Actionable Insights:

  • Convert all documents to markdown before feeding them to any LLM. This single habit can reduce token usage by 20x. Use free web converters, Claude itself, or tools like Open Brain’s plugin. Screenshots are also terribly inefficient — copy and paste text instead.

  • Start fresh conversations every 10-15 turns. Every turn resends the entire conversation history. Separate research/exploration sessions from focused work sessions, then bring consolidated findings into a clean chat.

  • Tier your model usage. Use Opus/top models for reasoning and complex tasks, Sonnet/mid-tier for execution, and Haiku/cheap models for formatting and polish. Do not use a Ferrari for grocery runs.

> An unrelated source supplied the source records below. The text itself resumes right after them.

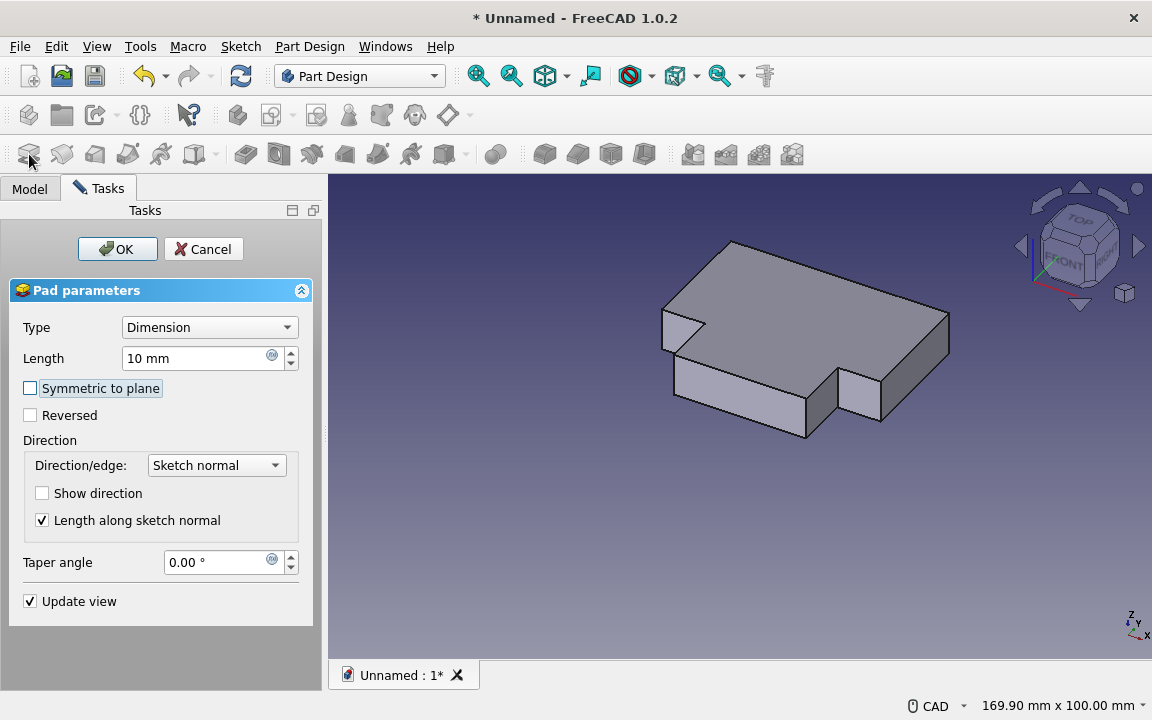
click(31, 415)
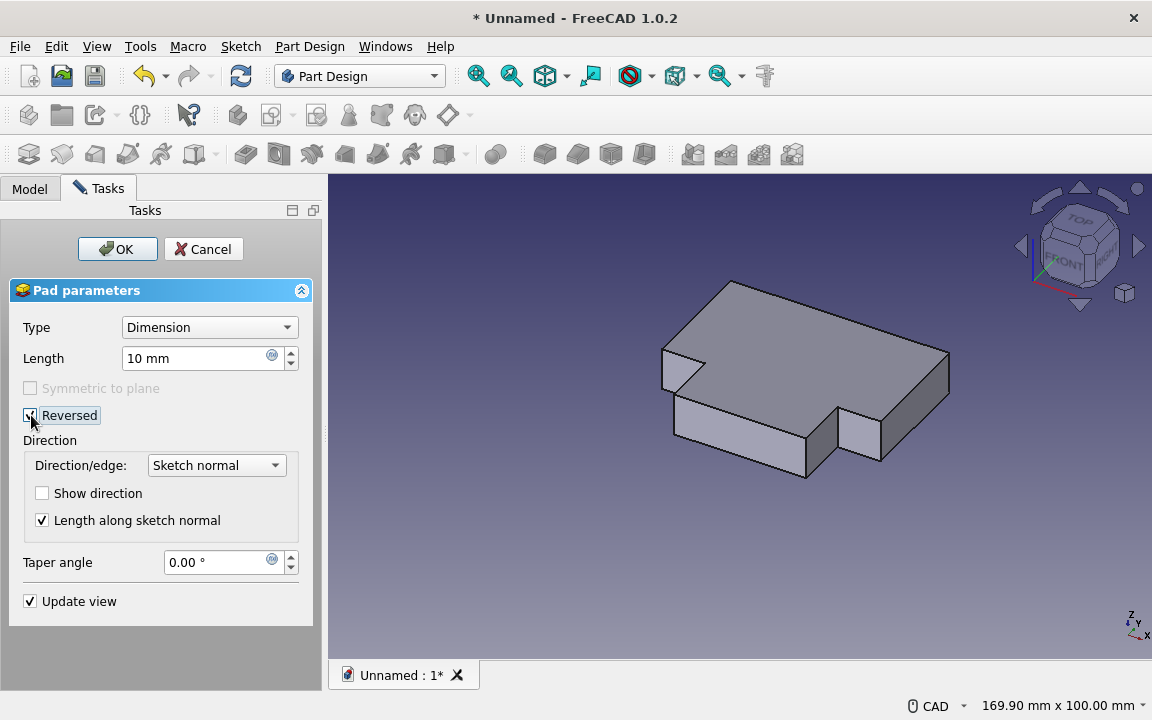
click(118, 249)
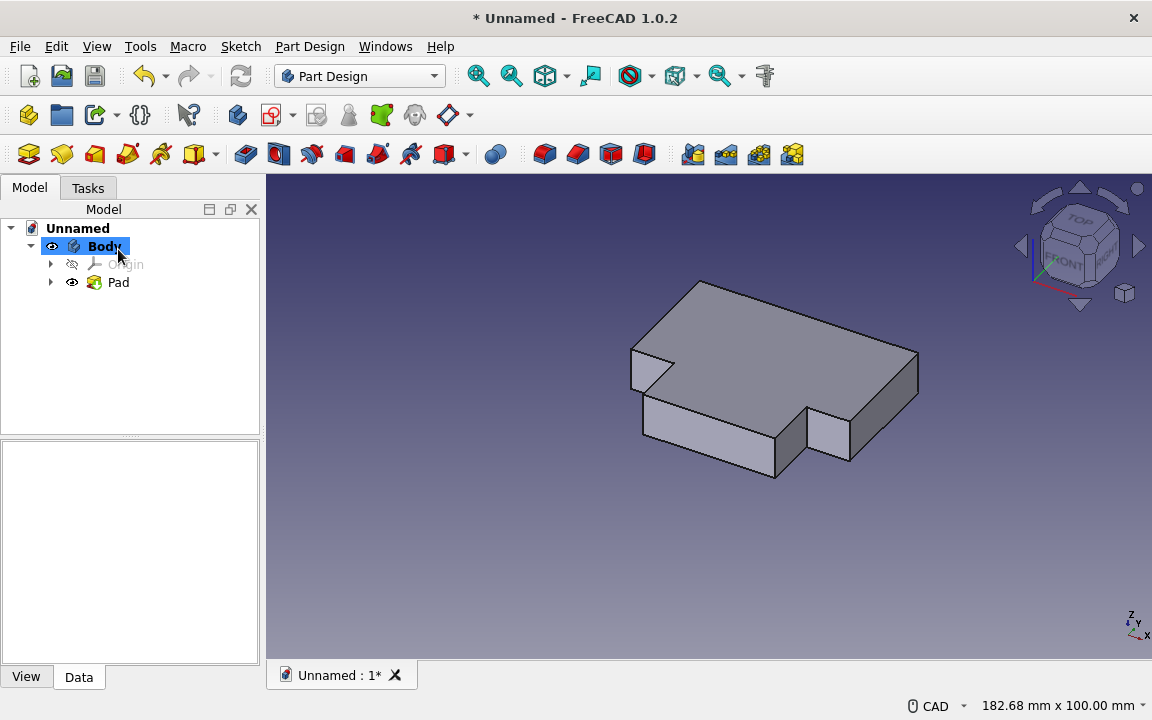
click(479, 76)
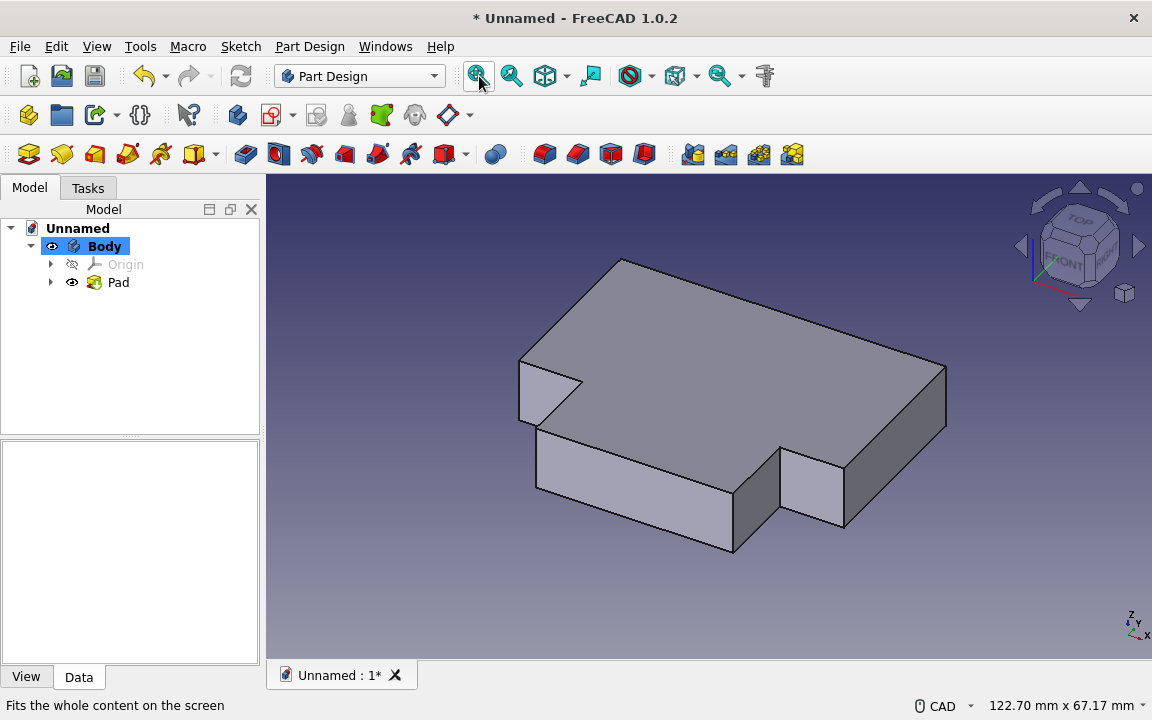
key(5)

  • Audit and prune your plugins and connectors regularly. Each unused plugin silently consumes tokens on every conversation. Remove anything you have not used recently.

  • For API and agent builders: implement prompt caching immediately. Cache hits on Opus cost $0.50/million vs. $5/million standard — a 90% discount for stable content like system prompts, tool definitions, and reference docs. This is table stakes in 2026.

  • Use dedicated search tools (like Perplexity via MCP) instead of native LLM web search. This can save 10,000-50,000 tokens per search, run 5x faster, and return structured citations.

  • Prune system prompts for agents regularly. Remove legacy instructions from older model generations. As models get smarter, you can lean out context windows and trust the model to retrieve what it needs.

  • Instrument your token usage. You cannot optimize what you do not measure. Track per-session and per-call token costs, input vs. output tokens, and model mix.

  • Career advice: Token management is becoming a critical job skill. As models get more expensive, the ability to use AI efficiently will directly impact ROI. Jensen Huang’s $250K/year/developer figure makes this a business-critical competency, not a nice-to-have.

  • Prepare now for more expensive models. Claude Mythos and next-gen models are expected within 1-2 months with potentially 10x higher pricing. The wasteful habits tolerable today will become very costly at scale.